Changeset: 1720d839521d for MonetDB
URL: https://dev.monetdb.org/hg/MonetDB/rev/1720d839521d
Modified Files:
        gdk/gdk_join.c
        gdk/gdk_private.h
        gdk/gdk_select.c
        sql/include/sql_catalog.h
Branch: default
Log Message:

merged with sep2022


diffs (266 lines):

diff --git a/gdk/gdk_join.c b/gdk/gdk_join.c
--- a/gdk/gdk_join.c
+++ b/gdk/gdk_join.c
@@ -3304,8 +3304,8 @@ BATguess_uniques(BAT *b, struct canditer
 /* estimate the cost of doing a hashjoin with a hash on r; return value
  * is the estimated cost, the last three arguments receive some extra
  * information */
-static double
-joincost(BAT *r, struct canditer *lci, struct canditer *rci,
+double
+joincost(BAT *r, BUN lcount, struct canditer *rci,
         bool *hash, bool *phash, bool *cand)
 {
        bool rhash;
@@ -3331,7 +3331,7 @@ joincost(BAT *r, struct canditer *lci, s
                 * candidate types is essentially free */
                rcost += log2((double) rci->nvals);
        }
-       rcost *= lci->ncand;
+       rcost *= lcount;
        if (BATtdense(r)) {
                /* no need for a hash, and lookup is free */
                rhash = false;  /* don't use it, even if it's there */
@@ -3376,38 +3376,41 @@ joincost(BAT *r, struct canditer *lci, s
 #endif
                }
        }
-       if (rci->ncand != BATcount(r) && rci->tpe != cand_mask) {
-               /* instead of using the hash on r (cost in rcost), we
-                * can build a new hash on r taking the candidate list
-                * into account; don't do this for masked candidate
-                * since the searching of the candidate list
-                * (canditer_idx) will kill us */
-               double rccost;
-               if (rhash && !prhash) {
-                       rccost = (double) cnt / nheads;
-               } else {
-                       MT_lock_set(&r->theaplock);
-                       double unique_est = r->tunique_est;
-                       MT_lock_unset(&r->theaplock);
-                       if (unique_est == 0) {
-                               unique_est = guess_uniques(r, rci);
-                               if (unique_est < 0)

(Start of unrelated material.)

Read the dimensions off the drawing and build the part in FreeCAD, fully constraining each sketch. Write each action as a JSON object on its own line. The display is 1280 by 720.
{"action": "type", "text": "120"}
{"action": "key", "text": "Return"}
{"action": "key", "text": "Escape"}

-                                       return -1;
+       if (cand) {
+               if (rci->ncand != BATcount(r) && rci->tpe != cand_mask) {
+                       /* instead of using the hash on r (cost in
+                        * rcost), we can build a new hash on r taking
+                        * the candidate list into account; don't do
+                        * this for masked candidate since the searching
+                        * of the candidate list (canditer_idx) will
+                        * kill us */
+                       double rccost;
+                       if (rhash && !prhash) {
+                               rccost = (double) cnt / nheads;
+                       } else {
+                               MT_lock_set(&r->theaplock);
+                               double unique_est = r->tunique_est;
+                               MT_lock_unset(&r->theaplock);
+                               if (unique_est == 0) {
+                                       unique_est = guess_uniques(r, rci);
+                                       if (unique_est < 0)

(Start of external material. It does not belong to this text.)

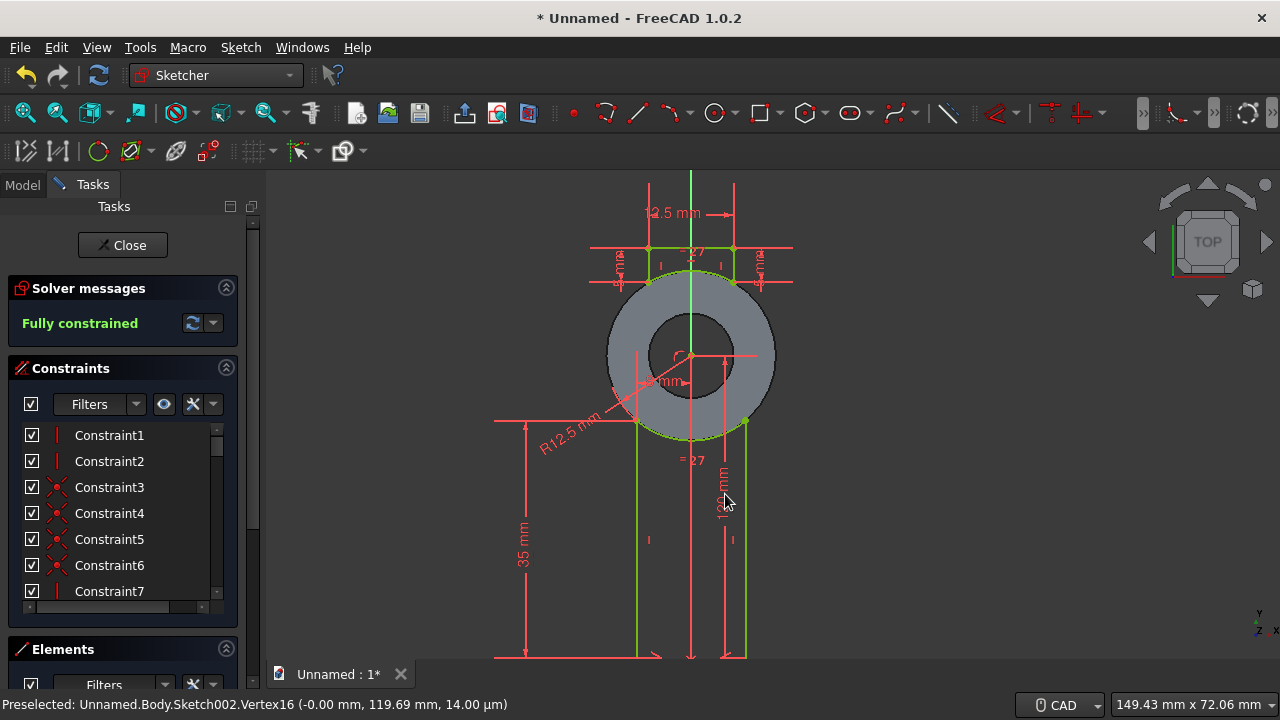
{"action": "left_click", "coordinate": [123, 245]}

+                                               return -1;
+                               }
+                               /* we have an estimate of the number of unique
+                                * values, assume some chains */
+                               rccost = 1.1 * ((double) cnt / unique_est);
                        }
-                       /* we have an estimate of the number of unique
-                        * values, assume some chains */
-                       rccost = 1.1 * ((double) cnt / unique_est);
+                       rccost *= lcount;
+                       rccost += rci->ncand * 2.0; /* cost of building the 
hash */
+                       if (rccost < rcost) {
+                               rcost = rccost;
+                               rcand = true;
+                       }
                }
-               rccost *= lci->ncand;
-               rccost += rci->ncand * 2.0; /* cost of building the hash */
-               if (rccost < rcost) {
-                       rcost = rccost;
-                       rcand = true;
-               }
+               *cand = rcand;
        }
        *hash = rhash;
        *phash = prhash;
-       *cand = rcand;
        return rcost;
 }
 
@@ -3913,7 +3916,7 @@ leftjoin(BAT **r1p, BAT **r2p, BAT *l, B
                        goto doreturn;
                }
        }
-       rcost = joincost(r, &lci, &rci, &rhash, &prhash, &rcand);
+       rcost = joincost(r, lci.ncand, &rci, &rhash, &prhash, &rcand);
        if (rcost < 0) {
                rc = GDK_FAIL;
                goto doreturn;
@@ -3926,7 +3929,7 @@ leftjoin(BAT **r1p, BAT **r2p, BAT *l, B
                bool lhash, plhash, lcand;
                double lcost;
 
-               lcost = joincost(l, &rci, &lci, &lhash, &plhash, &lcand);
+               lcost = joincost(l, rci.ncand, &lci, &lhash, &plhash, &lcand);
                if (lcost < 0) {
                        rc = GDK_FAIL;
                        goto doreturn;
@@ -4260,8 +4263,8 @@ BATjoin(BAT **r1p, BAT **r2p, BAT *l, BA
                goto doreturn;
        }
 
-       lcost = joincost(l, &rci, &lci, &lhash, &plhash, &lcand);
-       rcost = joincost(r, &lci, &rci, &rhash, &prhash, &rcand);
+       lcost = joincost(l, rci.ncand, &lci, &lhash, &plhash, &lcand);
+       rcost = joincost(r, lci.ncand, &rci, &rhash, &prhash, &rcand);
        if (lcost < 0 || rcost < 0) {
                rc = GDK_FAIL;
                goto doreturn;
diff --git a/gdk/gdk_private.h b/gdk/gdk_private.h
--- a/gdk/gdk_private.h
+++ b/gdk/gdk_private.h
@@ -235,6 +235,8 @@ void IMPSincref(Imprints *imprints)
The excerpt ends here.